El 6 de julio de 2002 Sebastián Nogales estaba destinado en Navarra para hacer funciones de información dentro de la Policía Nacional. En esa fecha, en plenos San Fermines, su trabajo pasaba por recabar datos que sirvieran para evitar que los simpatizantes de la banda terrorista ETA aprovechasen el impacto mediático mundial de este festejo para hacer exaltación del terrorismo. Así lo tenían previsto, según la información que manejaba la Policía en ese momento. «Teníamos conocimiento de que algo grave podía ocurrir ese día», recuerda. Sin descartar agresiones o incluso asesinato de algún policía. «Este era su objetivo», dice este emeritense de nacimiento, pero vallisoletano de adopción.
Nogales formaba parte de un grupo reducido de agentes, «siete u ocho», que se movían de paisano por las abarrotadas calles de Pamplona. No era la primera vez que se infiltraba entre los conocidos como 'cachorros de ETA' para conseguir información. Pero, igual que ellos tenían identificados a muchos de estos jóvenes, las organizaciones proetarras hacían lo mismo con los agentes. Y ese día utilizaron un curioso sistema para 'marcar' a los policías que estaban en la multitud. «Nos echaron pintura fosforita en la espalda que era muy llamativa», señala. Así, cuando ellos empezaran la acción propagandística que tenían prevista, podían saber dónde estaba cada agente. Y esa acción consistía en salir desde la calle Jarauta a la plaza del Ayuntamiento con una gran pancarta «en apoyo de la banda terrorista».
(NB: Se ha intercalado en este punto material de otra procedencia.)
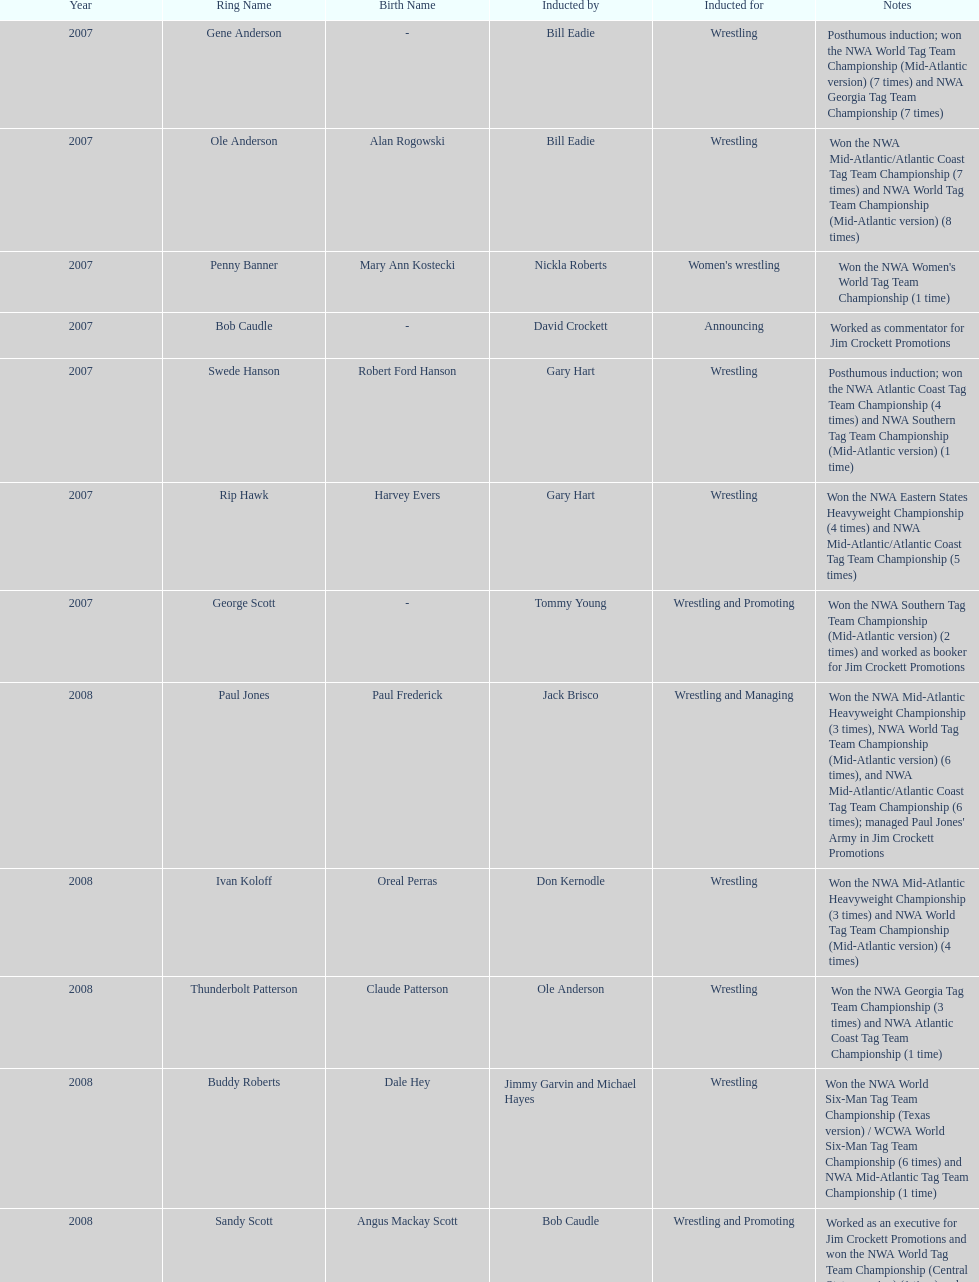How many members were inducted for announcing? 2.

Salieron «unas 200 personas, en formación militar» abriéndose paso entre la multitud. Cuando llegaron a la altura de los agentes, estos se identificaron para intentar parar a la comitiva. En ese momento y sin mediar palabra, comenzó una brutal agresión contra ellos. A Nogales le subieron su propia camiseta hasta taparle la cara para que no pudiera ver nada, y entonces le empezaron a llover patadas, puñetazos y golpes con barras de acero. No tardó en perder en el conocimiento, semidesnudo y ensangrentado, «con la cabeza abierta». Lo que pasó a continuación lo sabe porque se lo han contando sus compañeros. Él no recuerda nada. La Unidad de Intervención Policial (UIP) tuvo que acceder al centro abarrotado de Pamplona, con todo lo que eso implica, para rescatarle y llevarle a un hospital, donde llegó en coma. Con solo 32 años.
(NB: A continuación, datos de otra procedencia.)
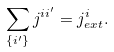<formula> <loc_0><loc_0><loc_500><loc_500>\sum _ { \{ i ^ { \prime } \} } j ^ { i i ^ { \prime } } = j _ { e x t } ^ { i } .</formula>

Los siguientes 579 días estuvo de baja. Casi 20 meses entre neurólogos, traumatólogos, psicólogos, psiquitaras, etcétera. «Me reventaron la cabeza por varios sitios», explica. Y algunas secuelas nunca desaparecieron. Nogales tiene afectada la memoria reciente. A veces no recuerda el nombre de su propia sobrina ni con quién estuvo el día anterior. Datos básicos que lleva apuntados en el móvil por si las lagunas aparecen.
Los presuntos responsables de este ataque fueron detenidos, pero nunca llegaron a ser condenados por «defectos de forma». Aunque se presentaron grabaciones de cámaras de seguridad, el juez consideró que no se había respetado la cadena de custodia que garantizase que la prueba no había sido manipulada, así que no la tuvo en cuenta. «Tampoco dieron por válido el testimonio de los policías, así que se reconocieron los daños que me causaron, pero no se pudo determinar quiénes fueron los agresores», asevera.
Aunque él tiene muy claro quiénes fueron. De hecho, llegó a coincidir con algunos de ellos y sus abogados en un ascensor de la Audiencia Nacional, sin que los presuntos agresores supieran quién estaba a su lado.
Nogales rememora lo complicado de una época en la que los miembros de las Fuerzas y Cuerpos de Seguridad del Estado estaban continuamente en el centro de la diana de ETA. «Me atacaron porque yo representaba al Estado español, su objetivo era acabar con la vida de policías, guardias civiles y militares», recuerda. Aunque en un momento dado el abanico de víctimas se amplió en lo que se conoció como la 'socialización del terror'.
Han pasado más de 20 años desde ese fatídico día y este policía ya está jubilado. En estas dos décadas ha tenido mucho tiempo para pensar en cómo actuó ese día y en por qué no sacó su arma reglamentaria. Pero es consciente de que, en esas circunstancias, utilizarla implicaba un grave riesgo de que algún inocente saliera herido. Y eso sí que no se lo hubiera perdonado nunca.